# Task objective:
Your answer must contain only the lines from the one containing "Input object for" through the end of the entries below, reproduced character for character.

[Records from a collection]
+---+
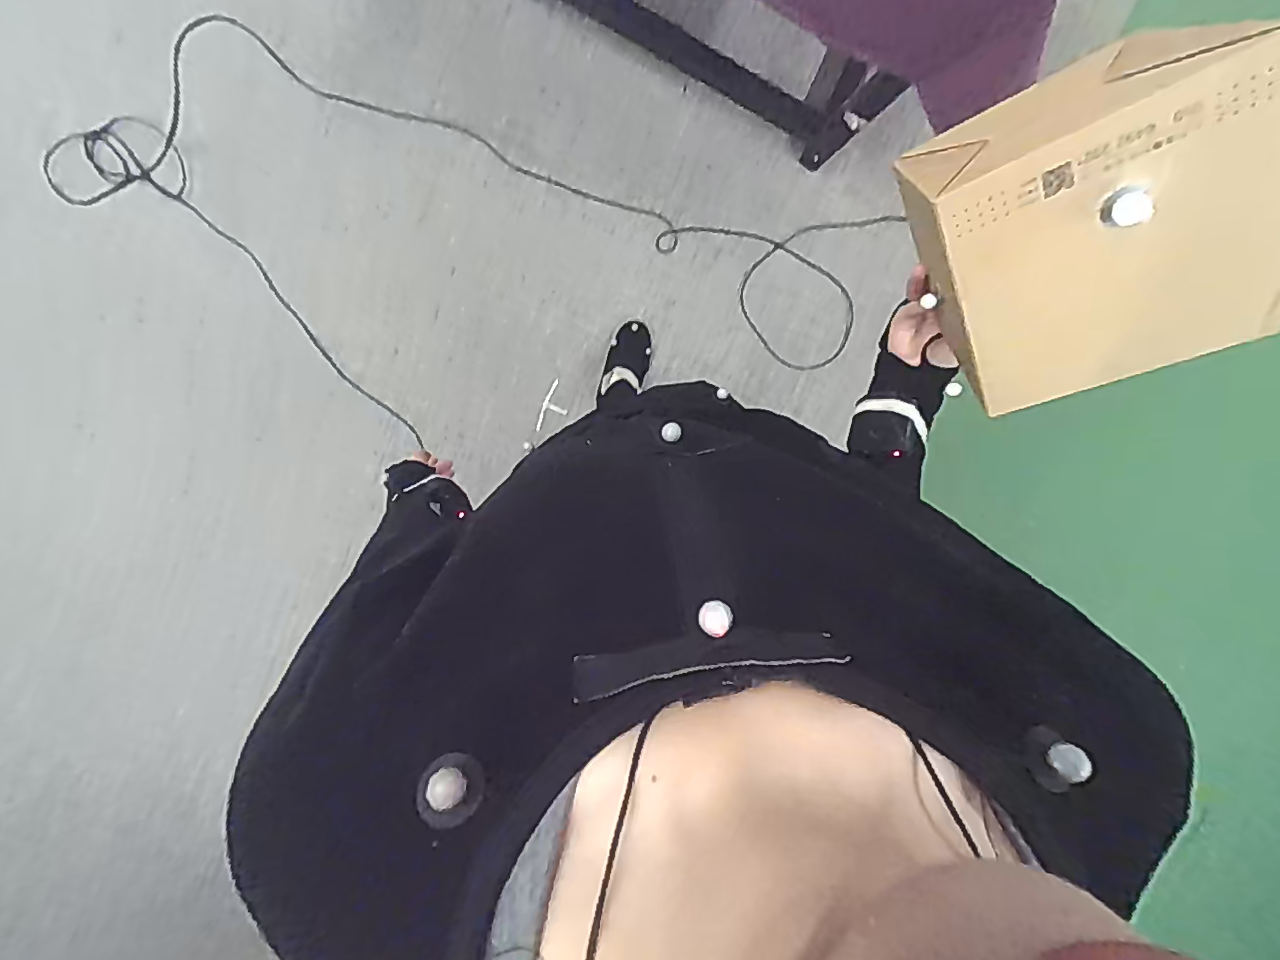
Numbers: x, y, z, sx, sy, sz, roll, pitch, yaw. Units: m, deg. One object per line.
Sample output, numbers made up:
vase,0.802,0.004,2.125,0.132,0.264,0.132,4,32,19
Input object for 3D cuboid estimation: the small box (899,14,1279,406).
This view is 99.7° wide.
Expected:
small box,0.302,-0.188,0.389,0.168,0.179,0.176,-19,118,27
+---+
# Answer:
Input object for 3D cuboid estimation: the small box (899,14,1279,406).
This view is 99.7° wide.
Expected:
small box,0.302,-0.188,0.389,0.168,0.179,0.176,-19,118,27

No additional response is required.